The general dwell curves are both calculated after the anchor values are known, and although the general limited dwell curve should ideally contain the exact anchor limited dwell value, due to how the dwell states are ordered they can shift slightly.
The current algorithm conveniently separates the calculation of both anchor values from the calculation of the final dwell curves, which matches the basic dwell balancing algorithm as it was originally presented, and helps separate the concepts, however we only need to start with an initial offset dwell guess and then directly calculate the general dwell curves. This will be considered as an enhancement in the future, however this step takes very little time and does not negatively impact the results so it will stay for now.
[62]:
anchor_dwell_data
[62]:
Anchor Limited Pitch | Calculated Anchor Limited Time | Anchor Offset Pitch | Originally Assumed Available Offset Time | Final Available Dwell Time | |
---|---|---|---|---|---|
ACA | 90 | 21209.654645 | 160 | 17371.675441 | 17371.675441 |
ACIS FP | 170 | 17954.144825 | 60 | 16576.192900 | 16576.192900 |
MUPS2A | 60 | 16572.032038 | 160 | 17371.675441 | 17371.675441 |
The plot below represents the dwell limits and associated cooling times for the following conditions:
Date: 2022:001:00:00:00
Roll: 0.0 Degrees
ACIS Chips: 4
ACA Limit: -6.5 C
ACIS FP Limit: -112.0 C
MUPS 2A Limit: 210.0F
Please note the following features:
The limited data are shown using solid lines and the associated offset data are shown using dashed lines.
The composite maximum dwell times can be determined by finding the minimum dwell limit value for each pitch.
Each model has offset time (dashed line) within/underneath the available limited time (solid line) for at least one pitch value.
[63]:
plot_data = generate_limited_offset_results_plot_data(
final_limited_results, final_offset_results
)
plot_object = generate_limited_offset_results_timbre_plot(
plot_data, "Final Timbre Dwell Durations", y_max=200000
)
pio.show(plot_object)
Automated calculation using built-in method¶
The data required to produce a composite maximum dwell limit with associated offset times can be produced using the built-in method rather than stepwise as above. Simply defining a timbre_object
as an instance of the Composite
class with the required input information will yield this information.
The
max_dwell
is the initial guess for the available anchor offset time, and does not cap the final required offset time curve.The pitch step defines the resolution of the final dwell curves. This pitch step must result in a set of pitch values that includes the anchor points (currently 45, 60, 90, 160, 170, 175) so either 1 or 5 degrees is usually chosen.
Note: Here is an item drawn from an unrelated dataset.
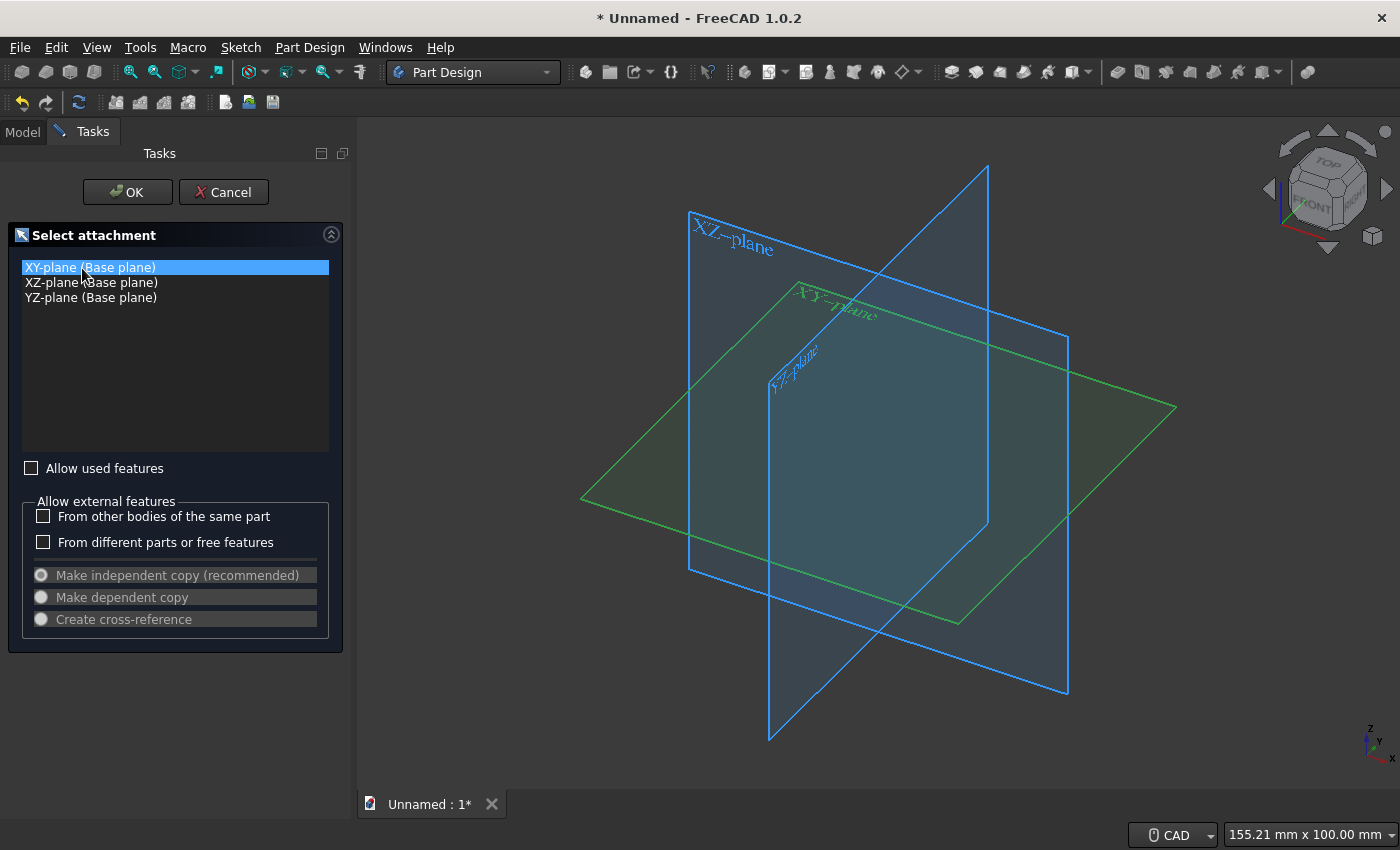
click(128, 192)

As indicated before, the results cacluated are only valid for the input conditions supplied. If one wants to estimate the range of available dwell times for different conditions, each condition would need to be run separately.
[64]:
limits = {
"fptemp_11": -112.0,
"1dpamzt": 37.5,
"1deamzt": 37.5,
"1pdeaat": 52.5,
"aacccdpt": -6.5,
"4rt700t": f_to_c(100.0),
"pftank2t": f_to_c(110.0),
"pm1thv2t": f_to_c(210.0),
"pm2thv1t": f_to_c(210.0),
"pline03t": f_to_c(50.0),
"pline04t": f_to_c(50.0),
}
date = "2022:001:00:00:00"
chips = 4
roll = 0
timbre_object = Composite(date, chips, roll, limits, max_dwell=200000, pitch_step=5)
------------------------------------------------------------------------------------------------------------------------
Map Dwell Capability
------------------------------------------------------------------------------------------------------------------------
----------------------------------------
Start of Iteration:
1pdeaat is not limited at a pitch of 45 degrees near 2022:001:00:00:00.000, with the following constant conditions:
{'roll': 0, 'fep_count': 4, 'ccd_count': 4, 'clocking': True, 'vid_board': True, 'sim_z': 100000, 'dh_heater': False}.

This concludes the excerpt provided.